Facts: Verified complaint from a concerned citizen

Anti-Graft and Corrupt Practices Act, the Code of Conduct and Ethical Standards for Public
Officials and the Code of Judicial Conduct

The case stemmed from three (3) criminal cases assigned to respondent, namely:

- a.] Criminal Case against Roberto Agana y Borja, for violation of Section 16, Article III, R.A.
6425, as amended;
- b.] Criminal Case against Roberto Agana y Borja for violation of P.D. No. 1866; and
- c.] Criminal Case against Sarah Resula y Puga for violation of Section 16, Article III of R.A. No.
6425, as amended.

Complaint alleges that respondent as the presiding judge in whose sala the above enumerated cases are
pending, gravely abused his discretion and exhibited evident partiality by:

1.] socializing in posh restaurants particularly in Marios Restaurant, Quezon City and the Shangri-
la EDSA Plaza with then Congresswoman Venice Agana, mother of the accused Roberto Agana, together
with their counsel, Atty. Narciso Cruz;

2.] issuing unreasonable orders for postponement which unjustly delay the administration of
justice; and

3.] allowing the two accused, Roberto Agana and his live-in partner, Sarah Resula, to submit to a
drug test thereby postponing the trial of the cases indefinitely.

Court appointed Associate Appellate Court Justice Delilah Vidallon-Magtolis to investigate.

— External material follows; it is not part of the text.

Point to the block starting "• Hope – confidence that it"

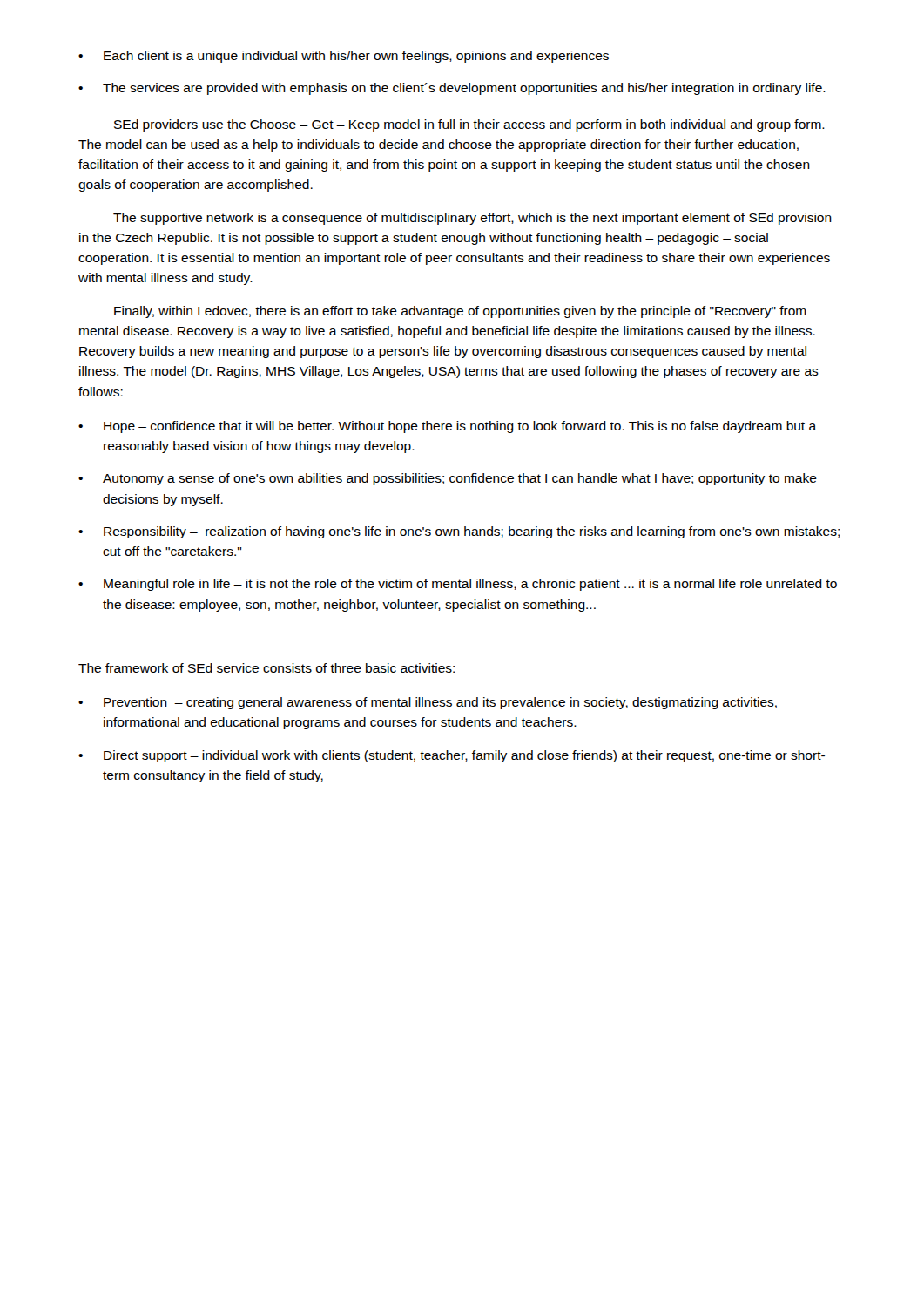click(462, 436)

The complainant did not appear at the hearing. Despite this, Justice Vidallon-Magtolis, bearing in mind
that even a desistance of the complainant is of no moment in an administrative case such as this,
proceeded with the investigation by examining the records of the criminal cases involved which
respondent had brought along. She subsequently submitted a Report containing the following findings
and recommendations:

as to the alleged partiality of the respondent in granting postponements, his testimony could only
be in the form of opinions which would have been inadmissible, considering that he is not party to the
criminal cases, neither does he appear to be involved therein in any other capacity. As a matter of fact,
his real identity remains to be a question, since he did not actually furnish his real address in his
complaints, both with the Ombudsman and with the Court Administrator

Justice (OCA) wanted to dismiss however the SC is the only authorized body to dismiss such admin.
Cases.
Justice Vidallon-Magtolis recommended that respondent be fined the sum of Ten Thousand
(P10,000.00) Pesos with a stern warning that a repetition of the acts complained of will be dealt with
more severely.

The Court agrees with the Investigating Justice that respondents conduct was hardly exemplary in this
case.

The Court in a litany of cases has reminded members of the bench that the unreasonable delay of a
judge in resolving a pending incident is a violation of the norms of judicial conduct and constitutes a
ground for administrative sanction against the defaulting magistrate. Indeed, the Court has consistently
impressed upon judges the need to decide cases promptly and expeditiously on the principle that justice
delayed is justice denied

In the case at bench, the fact that respondent tarried too long in acting on the pending incidents in the
Criminal Cases Nos. 11309, 4275-D and 4276-D, hardly becomes open to question. If at all, respondent
judges foot-dragging in acting on the incidents in the said cases, which stopped only when
administrative complaints were filed against him with the Ombudsman and the OCA, is a strong indicia
of his lack of diligence in the performance of his official duties and responsibilities

While the Court agrees with the Investigating Justice that respondents conduct warrants the
imposition of sanctions against him, the recommended penalty is not commensurate to the misdeed
committed.Given the prevailing facts of the case, a fine of P10,000.00 accompanied by a reprimand,
with a stern warning that the commission of similar acts in the future shall be dealt with more
severely, is a more appropriate penalty.[64] WHEREFORE, in view of all the foregoing, respondent
Judge is hereby FINED in the amount of Ten Thousand (P10,000.00). Further, he is REPRIMANDED and
sternly warned that a repetition of similar acts will be dealt with more severely. SO ORDERED.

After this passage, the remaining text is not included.